Nos recuerda que todos estamos llamados a ser santos.
En palabras de nuestra "hermana mayor", la Sierva de Dios Ascensión Sánchez:
"Me urge ser santa".
El Proemio de nuestras Constituciones nos señala que son “una Escuela de Santificación en el mundo, y un programa de apostolado para consagrar a Dios ese mismo mundo. Como escuela de santidad, extraen del Evangelio, y de modo especial del Sermón del Monte, los grandes principios de espiritualidad”.
Las cruzadas “tratan de santificarse sin apenas parecerlo, y procuran ser hijas de la Iglesia para ayudarla con heroísmo callado y oculto”.

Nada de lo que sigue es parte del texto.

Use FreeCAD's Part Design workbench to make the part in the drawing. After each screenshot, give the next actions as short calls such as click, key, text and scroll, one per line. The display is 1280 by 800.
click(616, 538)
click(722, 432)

Pues este es uno de los fines de nuestro Instituto, procurarnos la perfección evangélica, a través de una consagración plena a Dios y al apostolado en medio del mundo y, según deseos de la Iglesia, para la “consecratio mundi”; al tiempo que une almas de idénticos ideales para ayudarles a vivir su vocación, consagración y actividad apostólica. (Art. 1)

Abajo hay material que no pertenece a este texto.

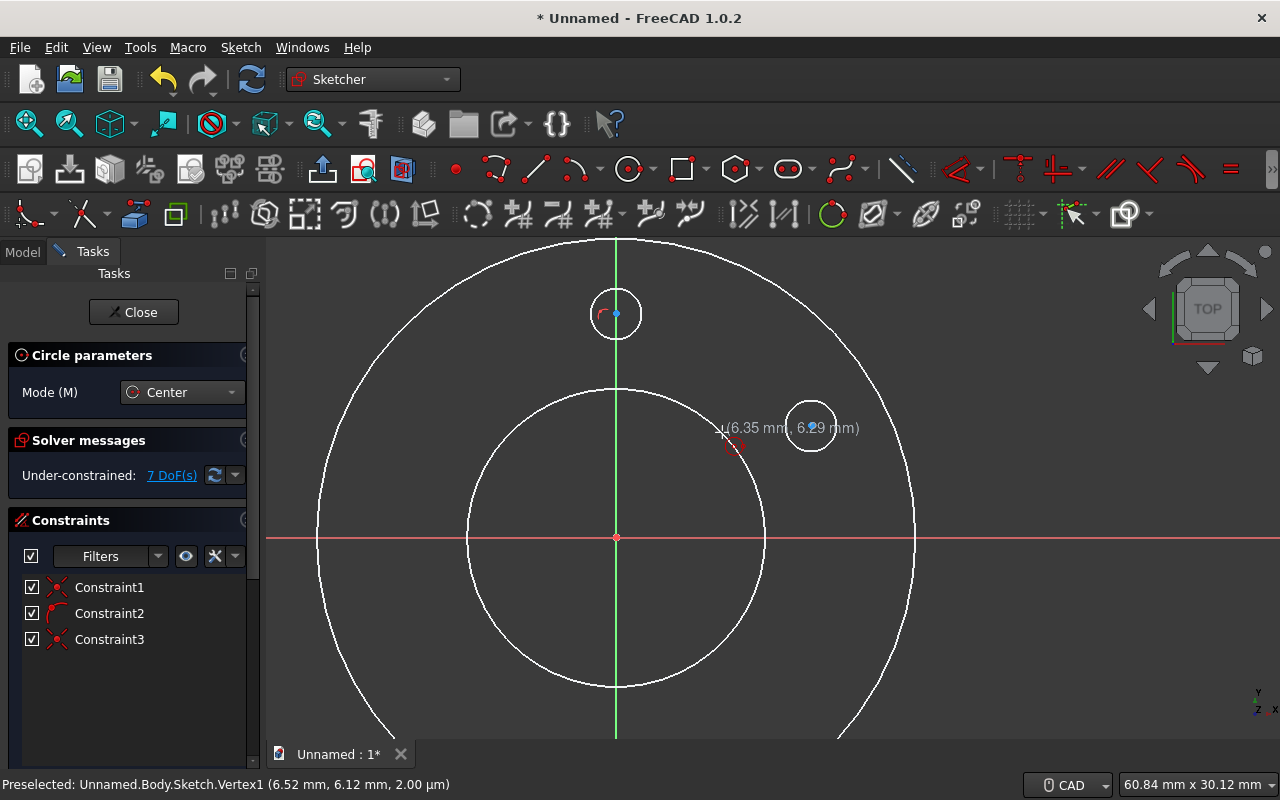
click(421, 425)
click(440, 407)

“Ya desde el siglo IV las Iglesias orientales celebran todos los santos “Mártires” en una única solemnidad, o dentro del tiempo pascual (los sirios), o inmediatamente después de Pentecostés (los bizantinos). A finales del siglo VIII se empezó a celebrar la solemnidad de Todos los Santos también en las regiones celtas y entre los francos. Se celebró en Roma en el siglo IX” (Calendarium Romanun, 1969), Comentario histórico al Calendario renovado, p. 109)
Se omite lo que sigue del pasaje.